Он замолчал и довольно долго они шли молча.

Две короткие тени быстро бежали впереди них. С безоблачного неба, такого прозрачного, что оно казалось кристальным, Селена, благосклонно улыбаясь, посылала свои бледные лучи на землю. Песок скрипел под ногами. Временами поднимался легкий ветерок, заставлявший развеваться плащи.

— Итак, — насмешливо сказал Гиппарх, — тебе легче заставить слушаться своих воинов, чем мысли.

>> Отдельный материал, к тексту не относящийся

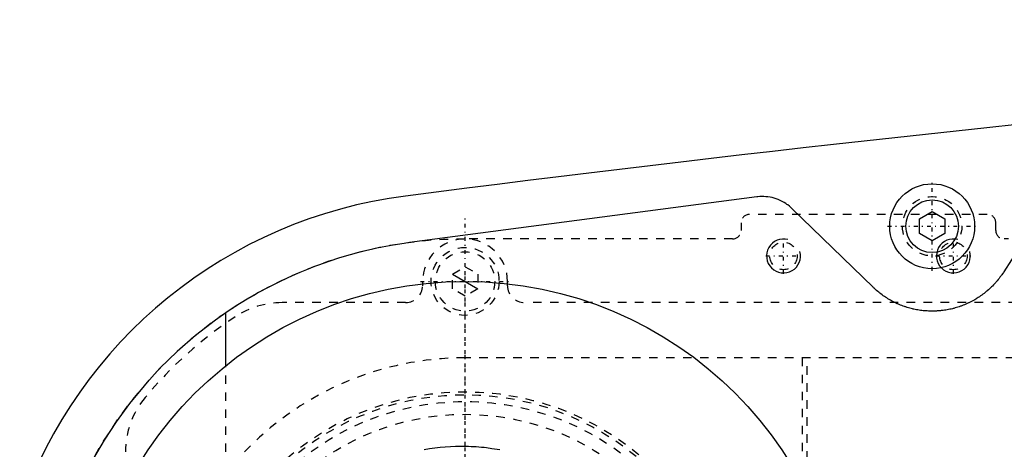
# Model space of a CAD drawing. Extents: x -906 to 186, y -120 to 120.
# Tile 5 of 16: x -902 to -786, y 25 to 76. Entities that reach past the tile are written whole.
import ezdxf

# ---------------------------------------------------------------- set-up
doc = ezdxf.new("R2010")
doc.units = 0
doc.linetypes.add('CENTER', pattern=[1.5, 0.45, -0.5, 0.05, -0.5])
doc.linetypes.add('DASHED', pattern=[2, 1, -1])
for name, color, linetype in [('AM_0', 7, 'CONTINUOUS'), ('AM_10', 7, 'CONTINUOUS'), ('AM_3', 7, 'DASHED'), ('AM_7', 7, 'CENTER')]:
    doc.layers.add(name, color=color, linetype=linetype)

msp = doc.modelspace()

# ---------------------------------------------------------------- linework, layer by layer
at = {"layer": 'AM_0', "color": 7, "linetype": 'CONTINUOUS'}
for p, q in [((-779.22, 57.68), (-786.56, 46.13)), ((-815.65, 54.96), (-856.53, 49.57)), ((-801.96, 44.32), (-811.52, 53.59)), ((-796.5, 52.37), (-795, 53.23)), ((-796.5, 50.63), (-796.5, 52.37)), ((-795, 53.23), (-793.5, 52.37)), ((-793.5, 52.37), (-793.5, 50.63)), ((-795, 49.77), (-796.5, 50.63)), ((-793.5, 50.63), (-795, 49.77)), ((-878.19, 35.08), (-878.19, 41.3))]:
    msp.add_line(p, q, dxfattribs=at)
for points in [[(-811.52, 53.59, 0), (-811.61, 53.68, 0), (-811.81, 53.85, 0), (-812.01, 54.01, 0), (-812.11, 54.08, 0), (-812.22, 54.16, 0), (-812.44, 54.29, 0), (-812.66, 54.42, 0), (-812.89, 54.53, 0), (-813.13, 54.64, 0), (-813.37, 54.73, 0), (-813.49, 54.77, 0), (-813.61, 54.8, 0), (-813.85, 54.87, 0), (-814.09, 54.92, 0), (-814.34, 54.96, 0), (-814.58, 54.98, 0), (-814.82, 55, 0), (-814.94, 55, 0), (-815.05, 55, 0), (-815.29, 54.99, 0), (-815.53, 54.97, 0), (-815.65, 54.96, 0)], [(-856.53, 49.57, 0), (-857.18, 49.48, 0), (-858.46, 49.28, 0), (-859.75, 49.04, 0), (-860.38, 48.91, 0), (-861.02, 48.77, 0), (-862.29, 48.47, 0), (-863.54, 48.13, 0), (-864.79, 47.76, 0), (-866.03, 47.36, 0), (-867.25, 46.93, 0), (-867.86, 46.7, 0), (-868.47, 46.46, 0), (-869.67, 45.97, 0), (-870.86, 45.44, 0), (-872.03, 44.89, 0), (-873.19, 44.3, 0), (-874.33, 43.68, 0), (-874.89, 43.36, 0), (-875.45, 43.04, 0), (-876.56, 42.36, 0), (-877.65, 41.66, 0), (-878.19, 41.3, 0)], [(-786.56, 46.13, 0), (-786.61, 46.06, 0), (-786.71, 45.91, 0), (-786.81, 45.77, 0), (-786.86, 45.7, 0), (-786.91, 45.63, 0), (-787.01, 45.49, 0), (-787.12, 45.35, 0), (-787.22, 45.21, 0), (-787.33, 45.08, 0), (-787.44, 44.95, 0), (-787.5, 44.89, 0), (-787.55, 44.83, 0), (-787.67, 44.7, 0), (-787.78, 44.58, 0), (-787.9, 44.46, 0), (-788.01, 44.35, 0), (-788.13, 44.23, 0), (-788.19, 44.18, 0), (-788.25, 44.12, 0), (-788.37, 44.01, 0), (-788.5, 43.9, 0), (-788.56, 43.85, 0), (-788.62, 43.8, 0), (-788.75, 43.69, 0), (-788.88, 43.59, 0), (-788.95, 43.54, 0), (-789.02, 43.49, 0), (-789.15, 43.39, 0), (-789.29, 43.29, 0), (-789.43, 43.2, 0), (-789.57, 43.11, 0), (-789.71, 43.02, 0), (-789.78, 42.97, 0), (-789.85, 42.93, 0), (-789.99, 42.84, 0), (-790.14, 42.76, 0), (-790.29, 42.68, 0), (-790.43, 42.6, 0), (-790.58, 42.53, 0), (-790.66, 42.49, 0), (-790.73, 42.46, 0), (-790.89, 42.39, 0), (-791.04, 42.32, 0), (-791.19, 42.25, 0), (-791.35, 42.19, 0), (-791.5, 42.13, 0), (-791.58, 42.1, 0), (-791.66, 42.08, 0), (-791.81, 42.02, 0), (-791.97, 41.97, 0), (-792.13, 41.92, 0), (-792.29, 41.88, 0), (-792.44, 41.83, 0), (-792.52, 41.81, 0), (-792.6, 41.79, 0), (-792.76, 41.75, 0), (-792.92, 41.72, 0), (-793.08, 41.69, 0), (-793.24, 41.66, 0), (-793.4, 41.63, 0), (-793.48, 41.62, 0), (-793.56, 41.6, 0), (-793.71, 41.58, 0), (-793.87, 41.56, 0), (-793.95, 41.56, 0), (-794.03, 41.55, 0), (-794.19, 41.53, 0), (-794.34, 41.52, 0), (-794.42, 41.52, 0), (-794.5, 41.51, 0), (-794.65, 41.51, 0), (-794.81, 41.5, 0), (-794.96, 41.5, 0), (-795.11, 41.5, 0), (-795.27, 41.5, 0), (-795.34, 41.51, 0), (-795.42, 41.51, 0), (-795.58, 41.52, 0), (-795.73, 41.53, 0), (-795.89, 41.54, 0), (-796.05, 41.55, 0), (-796.2, 41.57, 0), (-796.28, 41.58, 0), (-796.36, 41.59, 0), (-796.52, 41.62, 0), (-796.68, 41.64, 0), (-796.84, 41.67, 0), (-796.99, 41.7, 0), (-797.15, 41.73, 0), (-797.23, 41.75, 0), (-797.31, 41.77, 0), (-797.47, 41.81, 0), (-797.63, 41.85, 0), (-797.78, 41.9, 0), (-797.94, 41.94, 0), (-798.1, 41.99, 0), (-798.18, 42.02, 0), (-798.25, 42.04, 0), (-798.41, 42.1, 0), (-798.56, 42.16, 0), (-798.72, 42.22, 0), (-798.87, 42.28, 0), (-799.02, 42.35, 0), (-799.1, 42.38, 0), (-799.18, 42.41, 0), (-799.33, 42.48, 0), (-799.47, 42.56, 0), (-799.55, 42.59, 0), (-799.62, 42.63, 0), (-799.77, 42.71, 0), (-799.91, 42.79, 0), (-799.99, 42.83, 0), (-800.06, 42.87, 0), (-800.2, 42.96, 0), (-800.34, 43.05, 0), (-800.48, 43.14, 0), (-800.62, 43.23, 0), (-800.76, 43.32, 0), (-800.83, 43.37, 0), (-800.89, 43.42, 0), (-801.03, 43.52, 0), (-801.16, 43.62, 0), (-801.29, 43.72, 0), (-801.41, 43.83, 0), (-801.54, 43.93, 0), (-801.6, 43.99, 0), (-801.66, 44.04, 0), (-801.78, 44.15, 0), (-801.9, 44.26, 0), (-801.96, 44.32, 0)], [(-878.19, 41.3, 0), (-879.41, 40.44, 0), (-881.74, 38.64, 0), (-883.91, 36.74, 0), (-884.94, 35.76, 0), (-885.93, 34.77, 0), (-887.8, 32.72, 0), (-889.52, 30.63, 0), (-891.09, 28.48, 0), (-892.52, 26.31, 0), (-893.8, 24.12, 0)]]:
    msp.add_polyline3d(points, dxfattribs=at)
for centre, radius in [((-795, 51.5), 5), ((-795, 51.5), 3.1), ((-850, 0), 45)]:
    msp.add_circle(centre, radius, dxfattribs=at)
for centre, radius, start, end in [((-473.05, -2920.27), 3000, 92.92082, 97.35313), ((-850, 0), 55.5, 97.2532, 160.9168)]:
    msp.add_arc(centre, radius, start, end, dxfattribs=at)
at = {"layer": 'AM_10', "color": 7, "linetype": 'CONTINUOUS'}
msp.add_line((-851.5, 45.87), (-848.5, 44.13), dxfattribs=at)
for centre in [(-812.5, 48), (-792.5, 48)]:
    msp.add_arc(centre, 2, 75, 15, dxfattribs=at)
at = {"layer": 'AM_3', "color": 6, "linetype": 'DASHED'}
for p, q in [((-788.5, 52.9), (-816.5, 52.9)), ((-817.5, 51.9), (-817.5, 51)), ((-787.5, 51), (-787.5, 51.9)), ((-818.5, 50), (-850, 50)), ((-680, 50), (-786.5, 50)), ((-851.5, 45.87), (-850, 46.73)), ((-850, 46.73), (-848.5, 45.87)), ((-851.5, 44.13), (-851.5, 45.87)), ((-848.5, 45.87), (-848.5, 44.13)), ((-855, 45), (-855, 44.5)), ((-850, 43.27), (-851.5, 44.13)), ((-848.5, 44.13), (-850, 43.27)), ((-845, 44.5), (-845, 45)), ((-857, 42.5), (-871.56, 42.5)), ((-717, 42.5), (-843, 42.5)), ((-751.33, 36), (-850, 36)), ((-810.3, 36), (-810.3, -36)), ((-809.7, -36), (-809.7, 36)), ((-878.19, -35.08), (-878.19, 35.08))]:
    msp.add_line(p, q, dxfattribs=at)
msp.add_polyline3d([(-854.82, 25.22, 0), (-854.19, 25.32, 0), (-853.57, 25.4, 0), (-853.26, 25.44, 0), (-852.95, 25.47, 0), (-852.34, 25.52, 0), (-851.72, 25.56, 0), (-851.11, 25.58, 0), (-850.51, 25.59, 0), (-849.91, 25.59, 0), (-849.6, 25.58, 0), (-849.3, 25.57, 0), (-848.69, 25.54, 0), (-848.08, 25.49, 0), (-847.77, 25.46, 0), (-847.46, 25.42, 0), (-846.84, 25.34, 0), (-846.22, 25.25, 0), (-845.91, 25.19, 0)], dxfattribs=at)
for centre, radius in [((-795, 51.5), 3.5), ((-850, 45), 4), ((-812.5, 48), 1.62), ((-792.5, 48), 1.62), ((-850, 45), 3.5), ((-850, 0), 32), ((-850, 0), 31.65), ((-850, 0), 30.85), ((-850, 0), 29.35)]:
    msp.add_circle(centre, radius, dxfattribs=at)
for centre, radius, start, end in [((-816.5, 51.9), 1, 90, 180), ((-788.5, 51.9), 1, 0, 90), ((-850, 0), 50, 90, 270), ((-850, 45), 5, 0, 180), ((-818.5, 51), 1, 270, 0), ((-786.5, 51), 1, 180, 270), ((-857, 44.5), 2, 270, 0), ((-843, 44.5), 2, 180, 270), ((-871.56, 32.5), 10, 90, 123.5573), ((-850, 0), 49, 123.5573, 140.2849), ((-850, 0), 36, 90, 270), ((-880, 24.92), 10, 140.2849, 180)]:
    msp.add_arc(centre, radius, start, end, dxfattribs=at)
at = {"layer": 'AM_7', "color": 4, "linetype": 'CENTER'}
for p, q in [((-795, 46.25), (-795, 56.75)), ((-850, -52.5), (-850, 52.5)), ((-800.25, 51.5), (-789.75, 51.5)), ((-812.5, 45.9), (-812.5, 50.1)), ((-792.5, 45.9), (-792.5, 50.1)), ((-814.6, 48), (-810.4, 48)), ((-794.6, 48), (-790.4, 48)), ((-850, -47.25), (-850, 47.25)), ((-855.25, 45), (-844.75, 45)), ((-850, -33.23), (-850, 33.23)), ((-850, -25.38), (-850, 25.38))]:
    msp.add_line(p, q, dxfattribs=at)

doc.saveas('drawing.dxf')

— Это правда, — отвечал Конон, — но теперь и мысли у меня в порядке. Ты обратил внимание, как красива эта молодая девушка? Она высокого роста, у нее стройная фигура. У нее золотистые волосы, но я уверен, что глаза у нее черные… Если бы эти злодеи убили ее, это было бы большое несчастье… идти одной вечером во время дионисий… Только такие девушки и могут поступать так неблагоразумно… Я легко мог бы донести ее до дому. Я совсем не чувствовал ее, когда держал ее на руках… Ее сердце билось бы дольше возле моего; она была так хороша с закинутой назад головой и беспомощно повисшими обнаженными руками. Но она была так бледна, что мне стало страшно… И я опять положил ее на землю, потому что мне казалось, что она умирает!

— Это хорошо, — отвечал Гиппарх, любивший резонерствовать. — Любовь это лестница, и первая ступень ее — восторженность… Послушай, раз это так интересует тебя, приходи завтра ко мне. Моя жена всего на несколько месяцев старше дочери Леуциппы. Я знаю, что прежде они были подругами и часто бывали одна у другой. Кажется, даже Эринна и пела эпиталаму на нашей свадьбе. Ренайя редко выходит из дому с тех пор, как у нас родился сын, но она с удовольствием расскажет тебе все, что знает, и научит, что нужно делать.

— Я непременно приду! — с радостью согласился Конон.

— В таком случае приходи к полднику: ты скорее все поймешь, если перед тобой будет стоять чаша иониского вина. Не провожай меня дальше.

— Так до завтра?

— До завтра, — отвечал Гиппарх, — в четвертом часу…

Конон медленно направился к священным воротам. Ночная стража, завернувшись в плащи, спала на подъемном мосту.

На перекрестках горели еще в бронзовых урнах сосновые шишки. Скоро пламя уменьшилось, потом погасло… и предрассветные сумерки распростерли свое покрывало над городом.